NEW YORK CITY//December 28, 2006///The Securities Investor Protection Corporation (SIPC) is conducting an inventory of the assets of Paul L. Forchheimer & Co., Inc., 61 Broadway, New York City, and also is seeking to identify a full list of the customers of the now-shuttered brokerage firm.
SIPC was appointed earlier this month by a federal court to act as trustee in the Forchheimer & Co. liquidation proceeding in the wake of the arrest of the Aharon Weichselbaum, who was an employee at the brokerage firm. SIPC was created by Congress to maintain a special reserve fund to help investors at bankrupt brokerage firms.
Weichselbaum was apprehended by authorities on suspicion of diverting customer and Forchheimer & Co. assets. He is believed to have generated typewritten investor account statements, the accuracy and completeness of which will be analyzed by SIPC. SIPC investigators estimate that between $300,000 to $3 million in customer and Forchheimer & Co. assets may be missing and that the number of affected investors is likely to end up being fewer than 200.
SIPC President Stephen Harbeck said: "SIPC is carefully combing through the files and property of the firm. We want to ensure that we find all existing assets and compile a complete list of clients to be notified before the clock starts ticking on the claims submission process in this case."
SIPC was named trustee in the Forchheimer & Co. liquidation proceeding on December 12, 2006, with the law firm of Drinker Biddle & Reath, LLP appointed as counsel to the trustee. Immediately upon its appointment as trustee in the matter, SIPC was on site at the Forchheimer & Co. offices in New York City in order to secure the premises and begin the property inventory process. SIPC now is in the midst of gathering the fullest possible list of customers for the liquidation review process.
Weichselbaum was arrested as a flight risk after it was learned that he has dual citizenship in both the United States and Israel.
ABOUT SIPC
From the time Congress created it in 1970 through December 2005, the Securities Investor Protection Corporation (http://www.sipc.org) advanced $585 million in order to make possible the recovery of $14.2 billion in assets for an estimated 624,000 investors. Although not every investor is protected by SIPC, the Securities Investor Protection Corporation estimates that no fewer than 99 percent of persons who are eligible have been made whole in the failed brokerage firm cases that it has handled to date.

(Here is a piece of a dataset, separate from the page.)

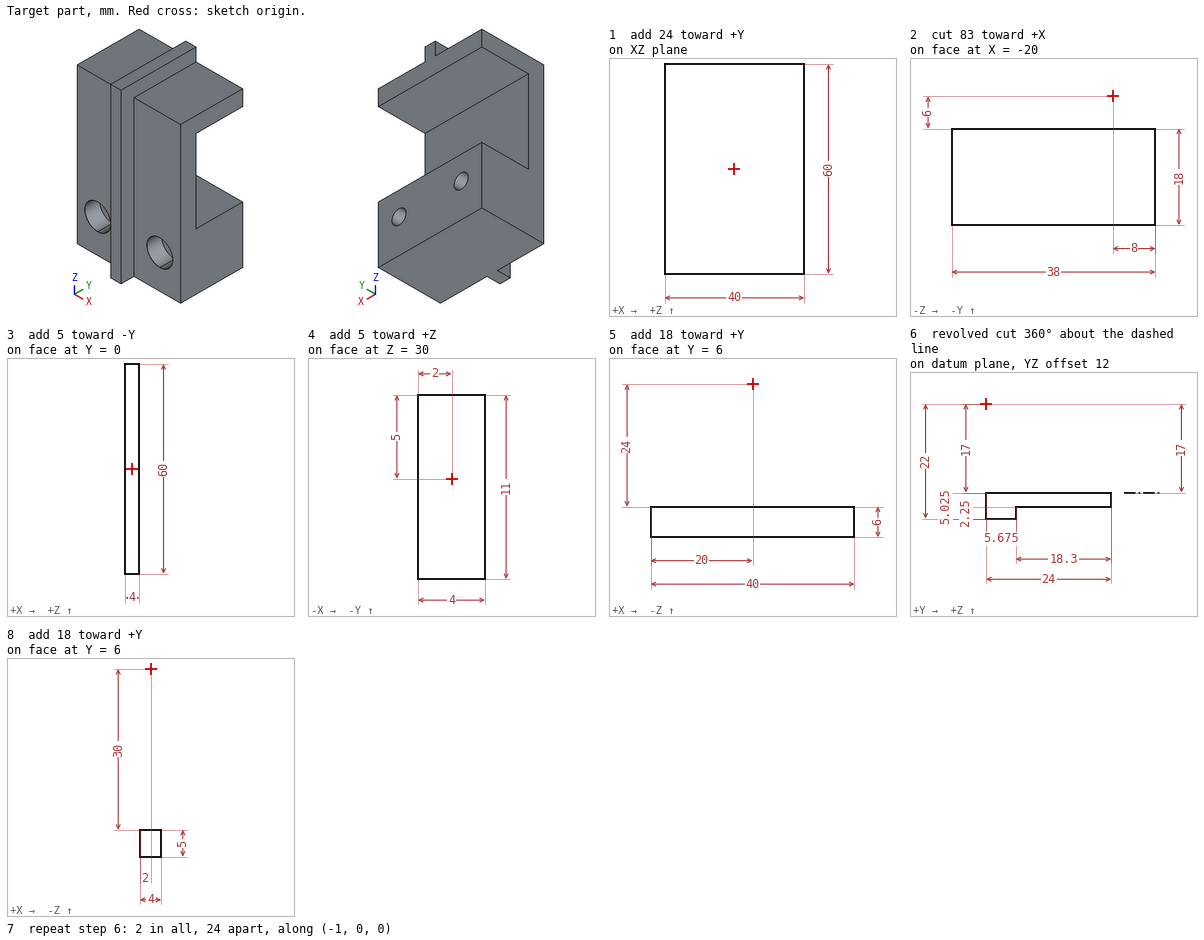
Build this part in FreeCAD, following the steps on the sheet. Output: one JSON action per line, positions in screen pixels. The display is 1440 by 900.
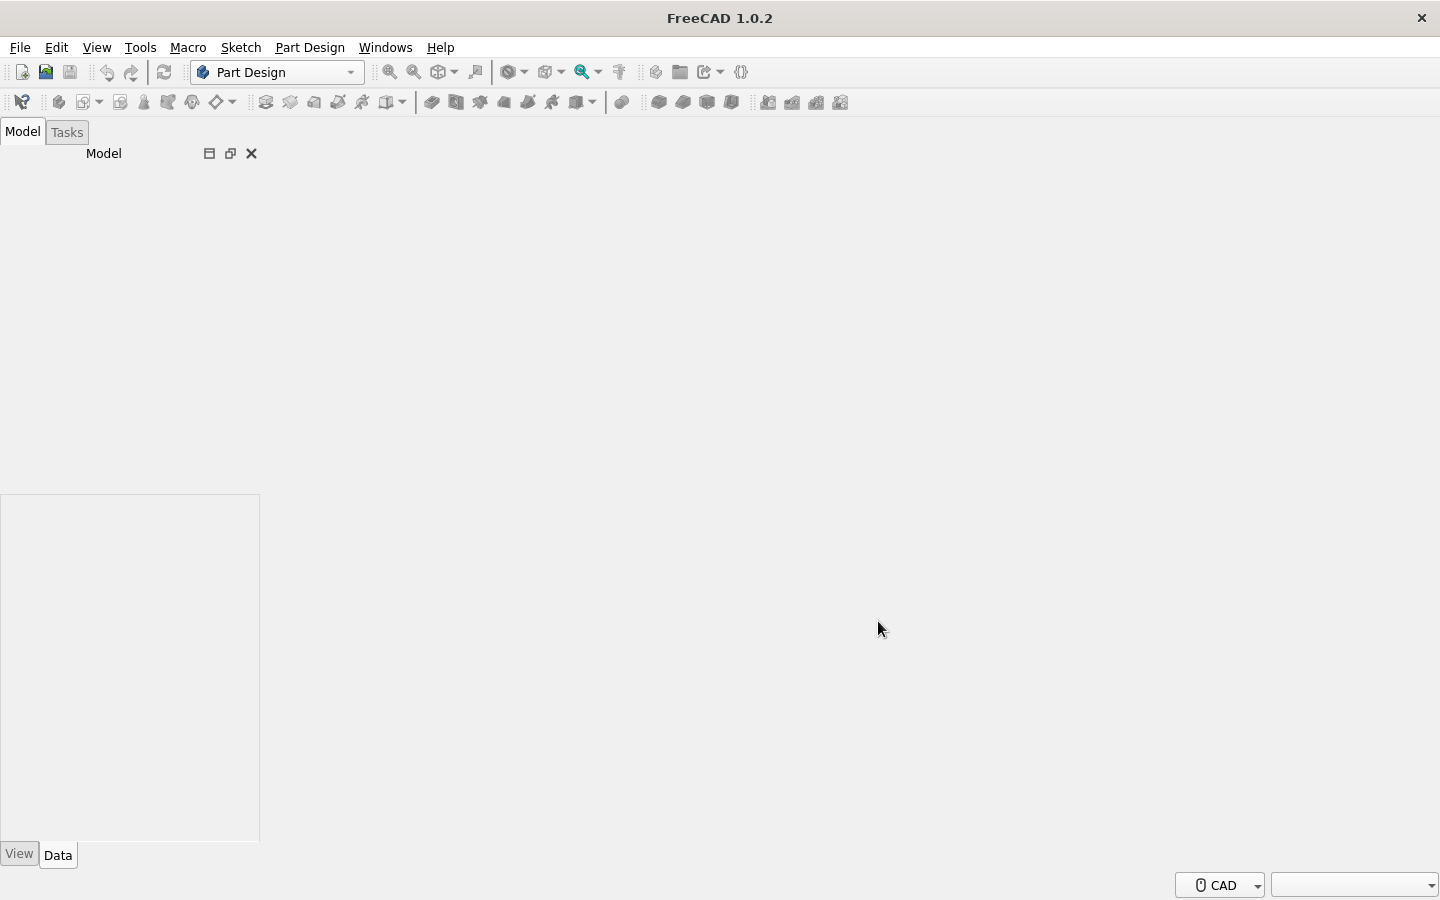
{"action": "key", "text": "ctrl+n"}

SIPC either acts as trustee or works with an independent court-appointed trustee in a brokerage insolvency case to recover funds. The statute that created SIPC provides that customers of a failed brokerage firm receive all non-negotiable securities that are already registered in their names or in the process of being registered. At the same time, funds from the SIPC reserve are available to satisfy the remaining claims of each customer up to a maximum of $500,000. This figure includes a maximum of $100,000 on claims for cash.